WHAT TO WORK ON = Somewhere below are a line with "picture [41, 47, 231, 172]" and a later line with "text Burgemeester en". Output exactly those lines and all lines between them.

DATA UNDER STUDY =
◇ ◇ ◇ ◇

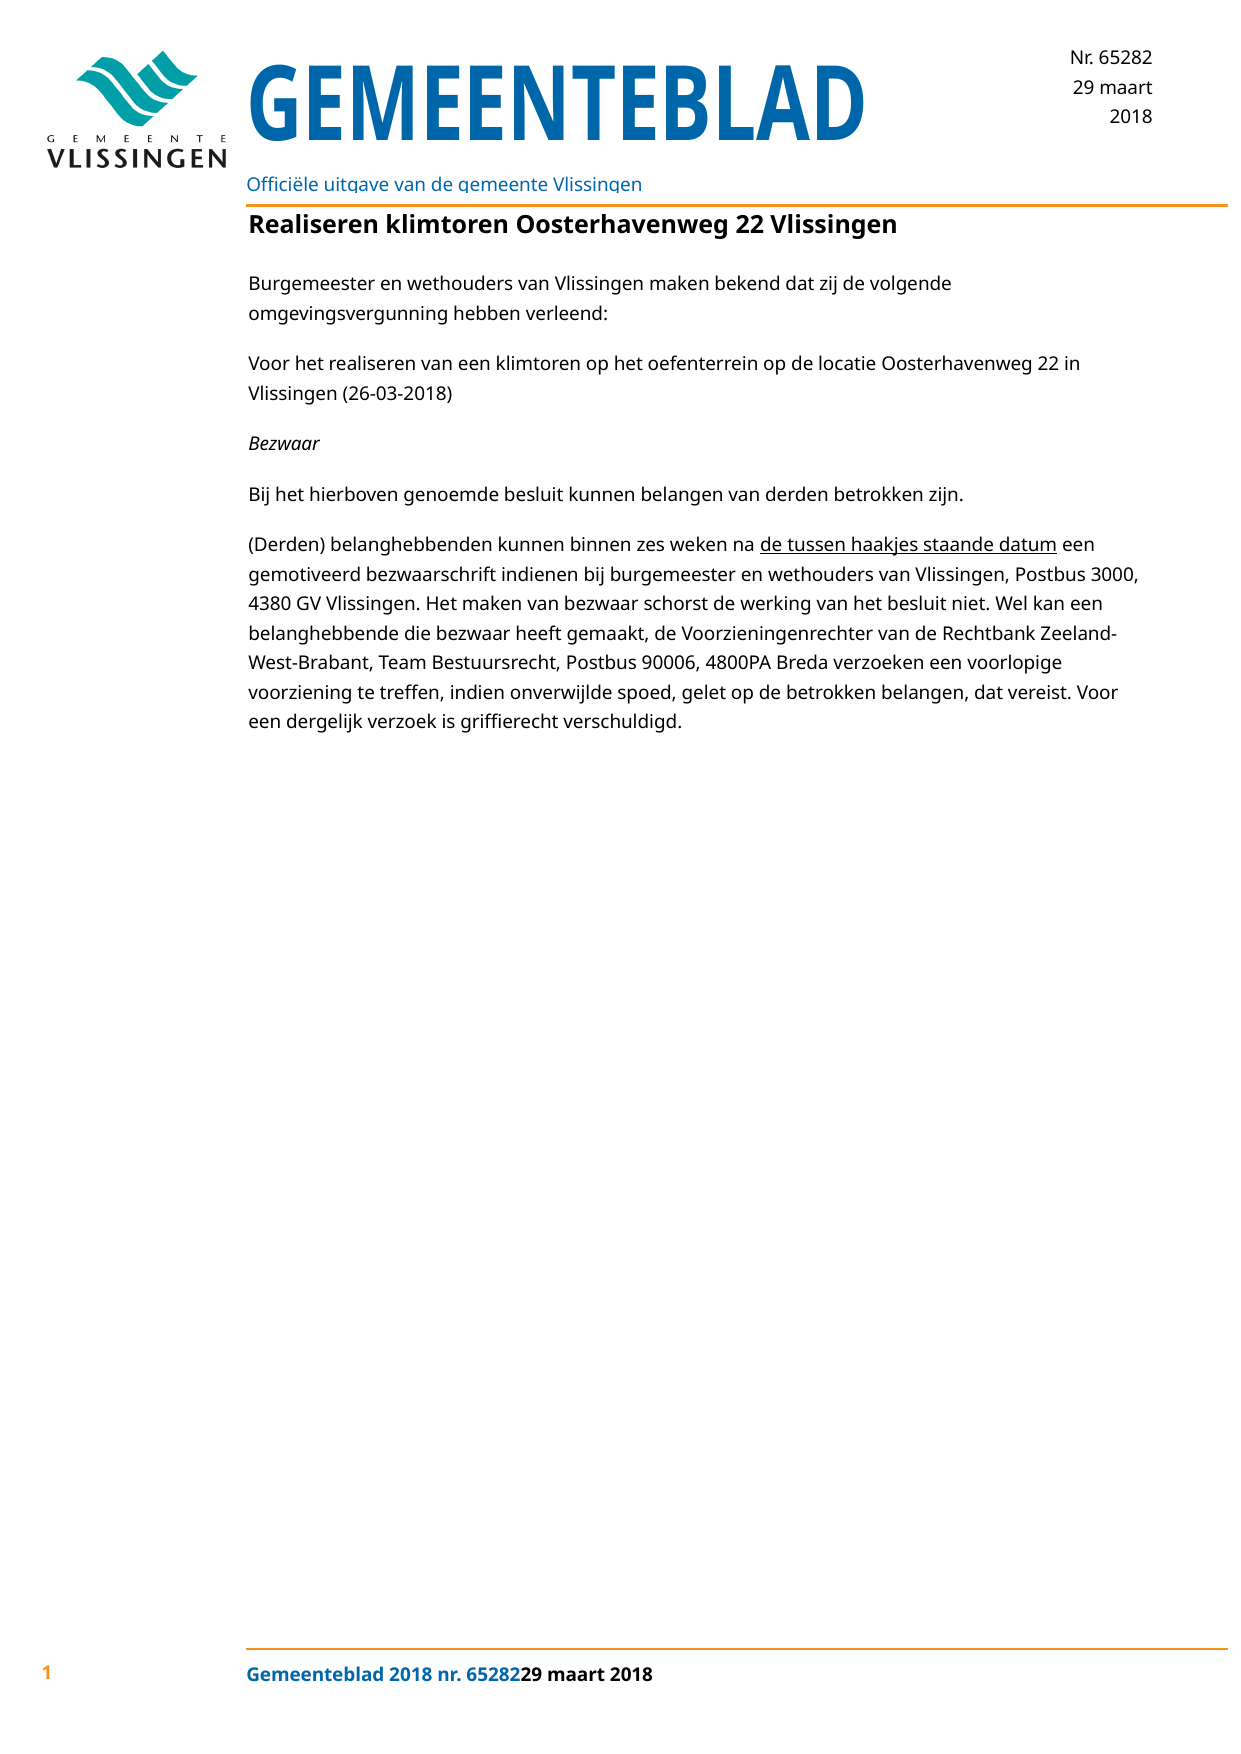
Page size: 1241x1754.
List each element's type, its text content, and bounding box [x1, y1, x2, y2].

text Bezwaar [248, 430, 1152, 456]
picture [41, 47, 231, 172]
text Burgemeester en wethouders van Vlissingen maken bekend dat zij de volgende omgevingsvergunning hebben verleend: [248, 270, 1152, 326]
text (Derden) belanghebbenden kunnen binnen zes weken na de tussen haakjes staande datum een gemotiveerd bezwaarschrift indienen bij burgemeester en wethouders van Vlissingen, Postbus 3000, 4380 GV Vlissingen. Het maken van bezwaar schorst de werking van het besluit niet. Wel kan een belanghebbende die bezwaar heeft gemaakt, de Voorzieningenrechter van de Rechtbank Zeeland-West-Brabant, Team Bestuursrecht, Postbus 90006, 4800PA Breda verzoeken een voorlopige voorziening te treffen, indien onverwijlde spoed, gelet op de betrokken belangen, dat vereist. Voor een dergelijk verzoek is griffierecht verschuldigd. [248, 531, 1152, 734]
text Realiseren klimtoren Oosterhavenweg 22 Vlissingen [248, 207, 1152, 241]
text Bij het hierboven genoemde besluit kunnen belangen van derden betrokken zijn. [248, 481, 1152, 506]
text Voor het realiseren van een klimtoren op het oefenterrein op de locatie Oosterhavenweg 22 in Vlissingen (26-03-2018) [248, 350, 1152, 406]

◇ ◇ ◇ ◇

RESULT =
picture [41, 47, 231, 172]
text Burgemeester en wethouders van Vlissingen maken bekend dat zij de volgende omgevingsvergunning hebben verleend: [248, 270, 1152, 326]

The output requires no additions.